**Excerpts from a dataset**
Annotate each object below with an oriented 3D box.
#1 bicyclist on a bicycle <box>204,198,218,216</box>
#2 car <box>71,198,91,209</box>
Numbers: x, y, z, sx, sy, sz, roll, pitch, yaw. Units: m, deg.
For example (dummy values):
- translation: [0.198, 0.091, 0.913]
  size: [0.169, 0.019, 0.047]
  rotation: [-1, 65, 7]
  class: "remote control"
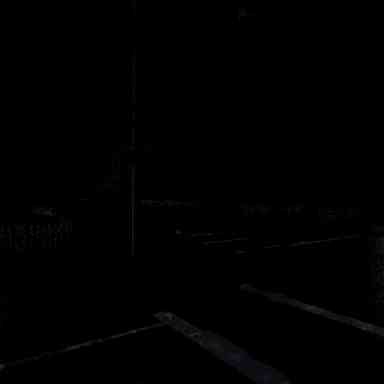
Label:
- translation: [1.659, 1.315, 28.978]
  size: [1.656, 1.620, 0.582]
  rotation: [0, 0, -36]
  class: "bicyclist on a bicycle"
- translation: [-15.480, 1.540, 46.332]
  size: [1.812, 1.442, 4.674]
  rotation: [0, 0, -32]
  class: "car"

**PROBLEM**
Final stretch of the data: repeat exactly each line from the one containing "#2 car <box>71,198,91,209</box>" through the last, and omit all pictures.

**EXERCISE RESULT**
#2 car <box>71,198,91,209</box>
Numbers: x, y, z, sx, sy, sz, roll, pitch, yaw. Units: m, deg.
For example (dummy values):
- translation: [0.198, 0.091, 0.913]
  size: [0.169, 0.019, 0.047]
  rotation: [-1, 65, 7]
  class: "remote control"
Label:
- translation: [1.659, 1.315, 28.978]
  size: [1.656, 1.620, 0.582]
  rotation: [0, 0, -36]
  class: "bicyclist on a bicycle"
- translation: [-15.480, 1.540, 46.332]
  size: [1.812, 1.442, 4.674]
  rotation: [0, 0, -32]
  class: "car"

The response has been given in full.